Depuis l’invention de la télévision par
l’écossais John Baird, en 1926, nous sommes de plus en plus séduits par les
écrans. D’abord en noir et blanc, puis en couleur et de plus en plus fascinant.
Aujourd’hui, nous avons des écrans à portée de main et intégrés dans de
multiples appareils, ce qui garantit son omniprésence dans nos vies. Par
plaisir ou par obligation, l’usage des écrans devient incontournable à toute
personne voulant sa pleine intégration dans la vie sociale. Pourtant, depuis
plusieurs années, ces objets lumineux font souvent l’objet de nombreuses
critiques et plusieurs études ont démontré ses effets délétères.
Les écrans et le sommeil
L’être humain fonctionne sur la base d’une
alternance jour et nuit. Durant la journée, la lumière du soleil nous maintient
en état d’éveil. Et la nuit, lorsque les derniers rayons lumineux
disparaissent, le sommeil gagne notre organisme sous l’effet de l’hormone de
sommeil, la mélatonine. C’est d’ailleurs ce qu’on appelle généralement « un
rythme circadien ». Mais lorsque d’autres lumières,
comme celles de nos téléphones intelligents, persistent durant les heures
de sommeil, tomber dans le bras de Morphée devient plus difficile à cause de la
lumière bleue de ces appareils qui inhibe la sécrétion de l’hormone du sommeil.
C’est d’ailleurs ce qu’indiquent les conclusions d’une étude réalisée en 2012
par l’Association Médicale Américaine :
« La nuit, l’exposition à une lumière
excessive, et notamment la consultation prolongée des appareils électroniques,
peut perturber le sommeil ou/et exacerber ses troubles. »
Et plusieurs autres études corroborent ces
méfaits des écrans sur le sommeil. L’un des spécialistes du sommeil les plus
connus, Steven Lockley, chercheur à Havard Medical School (cité dans un article
de Chicago Tribune)
affirme :
« La lumière bleue alerte
préférentiellement le cerveau, supprime la mélatonine et décale votre
horloge biologique en même temps.»
D’autres effets des
écrans
En plus d’avoir des conséquences néfastes
sur notre sommeil, les écrans ont potentiellement un réel pouvoir de nuisance
sur notre vie en général. Selon l’Académie Américaine de Pédiatrie, la
surexposition aux écrans peut conduire à :
Un échec scolaire en raison de la gamme
d’éléments de divertissement qu’offrent ces appareils. Ce qui engendre à la
fois un problème d’attention et aussi un désintérêt de plus en plus
croissant pour les activités scolaires comme les devoirs.

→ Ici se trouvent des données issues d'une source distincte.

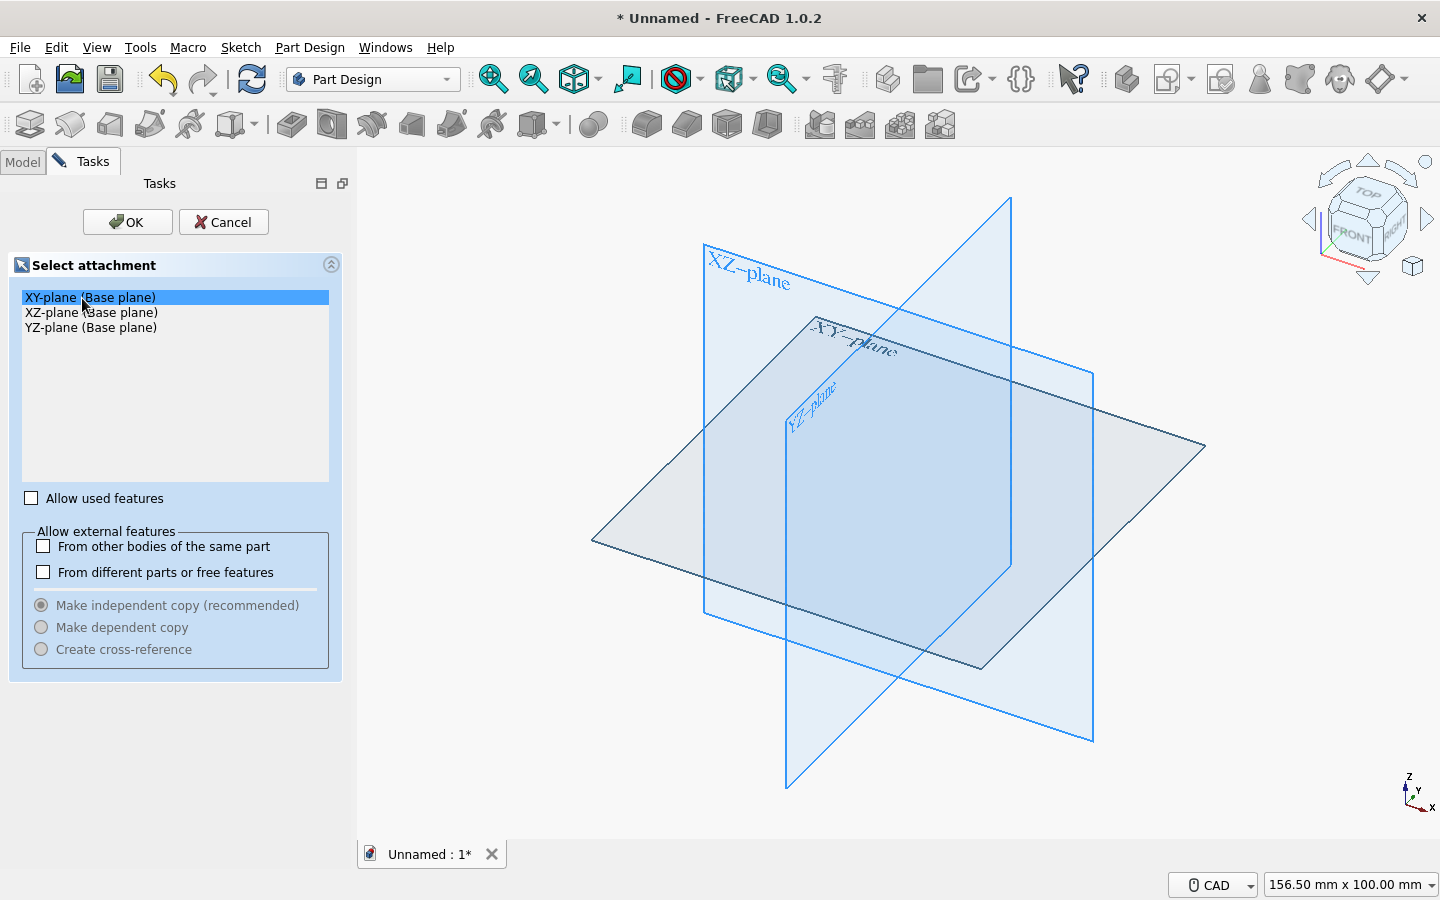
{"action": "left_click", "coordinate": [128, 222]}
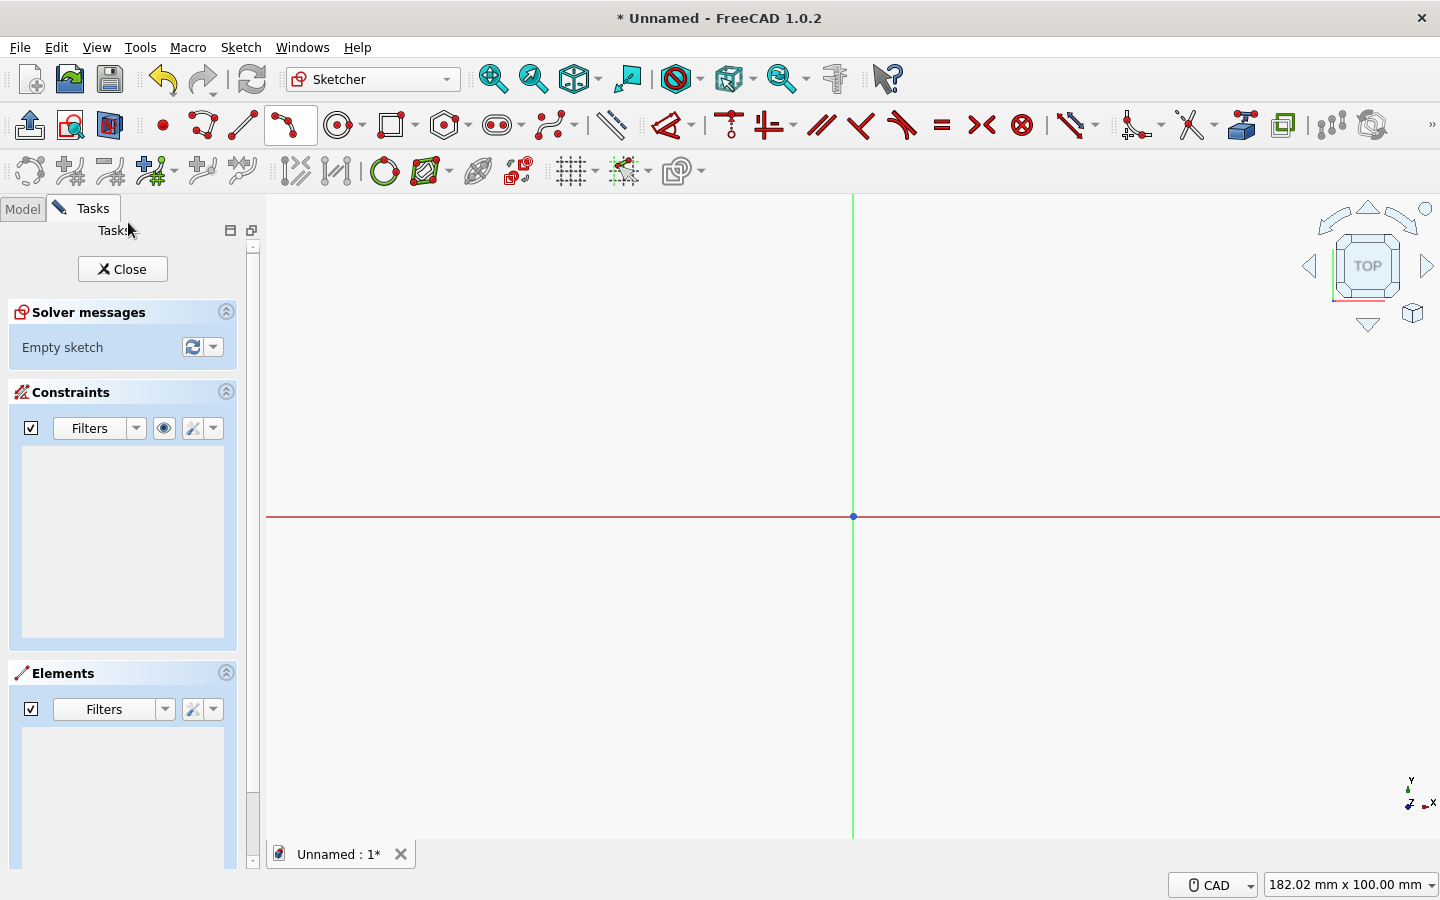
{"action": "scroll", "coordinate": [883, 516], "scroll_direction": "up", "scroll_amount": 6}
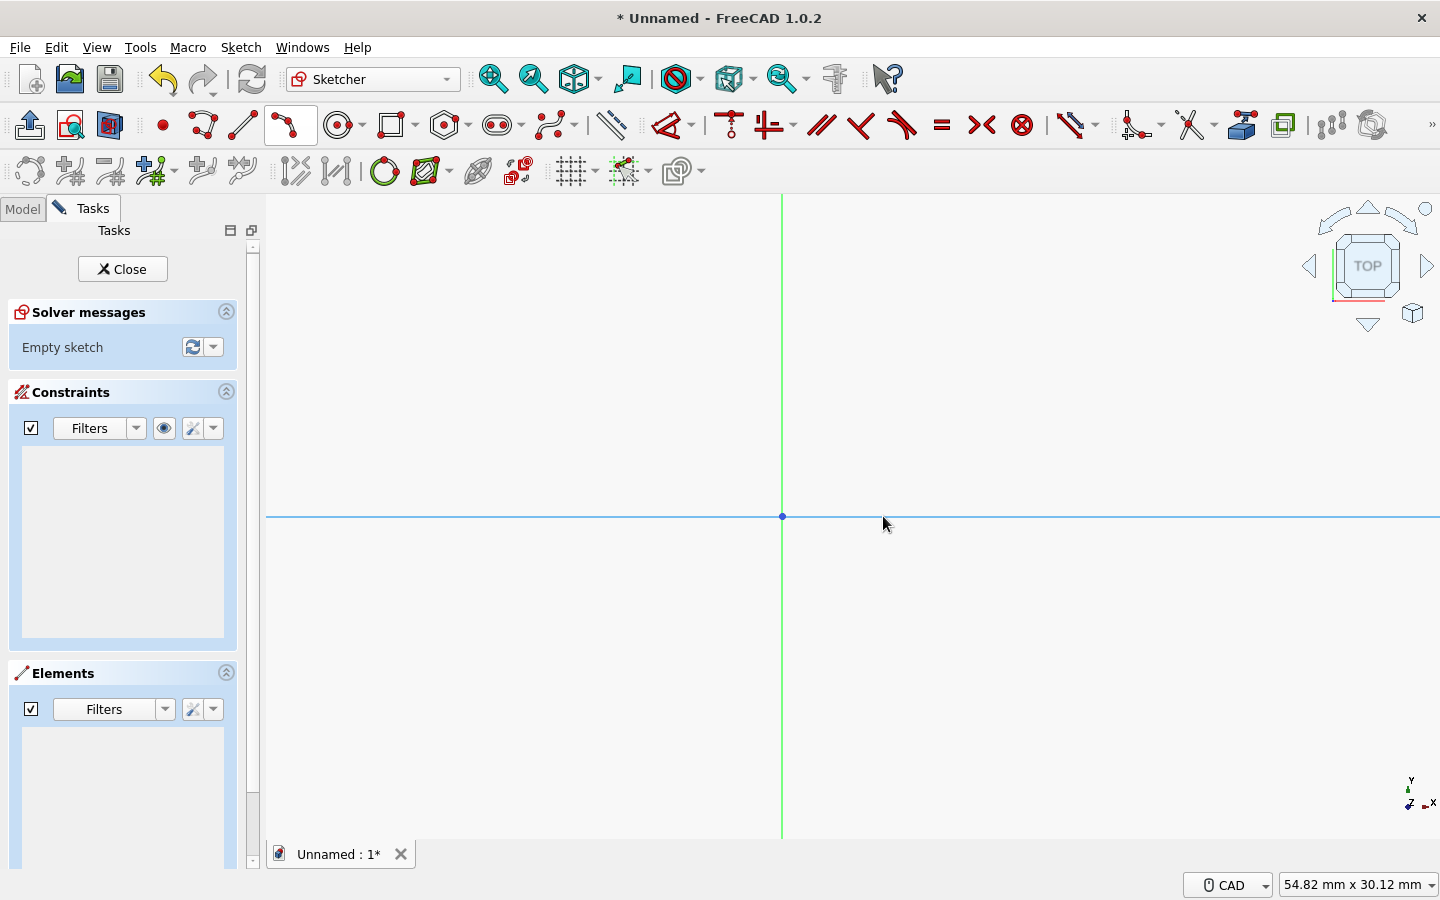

Une prédisposition à la dépression, surtout
ceux qui sont spectateurs.trices des réseaux sociaux. Ils ou elles regardent
les autres pendant des heures sans pouvoir se mettre en avant.
Les enfants : les
plus vulnérables
Les bébés, les enfants voire les
adolescents ne sont pas des personnes comme les autres, surtout sur le plan
biologique. Donc, ils sont plus enclins à avoir des problèmes liés à
l’utilisation des écrans. C’est sans doute pour cette raison que l’Organisation Mondiale de Santé (OMS) a
recommandé aux parents de priver les moins d’1 an des écrans et d’en
limiter l’usage pour les enfants plus âgés. Et aussi de consacrer plus de
temps aux jeux actifs afin qu’ils puissent grandir en bonne santé.
Dans l’une des conclusions d’une étude
menée par Manon Collet, il a pu montrer les effets de l’exposition aux écrans
sur les troubles du langage. Toujours d’après cette étude, c’est surtout
durant la matinée que les enfants exposés à ces dispositifs sont beaucoup plus
vulnérables. Et selon ce même chercheur, « devant un écran, il suffit de
peu de temps pour épuiser l’attention d’un enfant ».
Suivant ce que nous venons de voir au fil
des recherches citées dans ce présent article, nous sommes encore dans
l’ignorance à ce qui a trait à l’étendue des méfaits des écrans sur notre
santé et celle de nos tout-petits. Mais, pour le moment, nous devons d’ores et
déjà en limiter l’usage à nous-mêmes, en priver pour les moins de huit (8) ans
et en restreindre l’usage à seulement une heure par jour pour les plus âgés.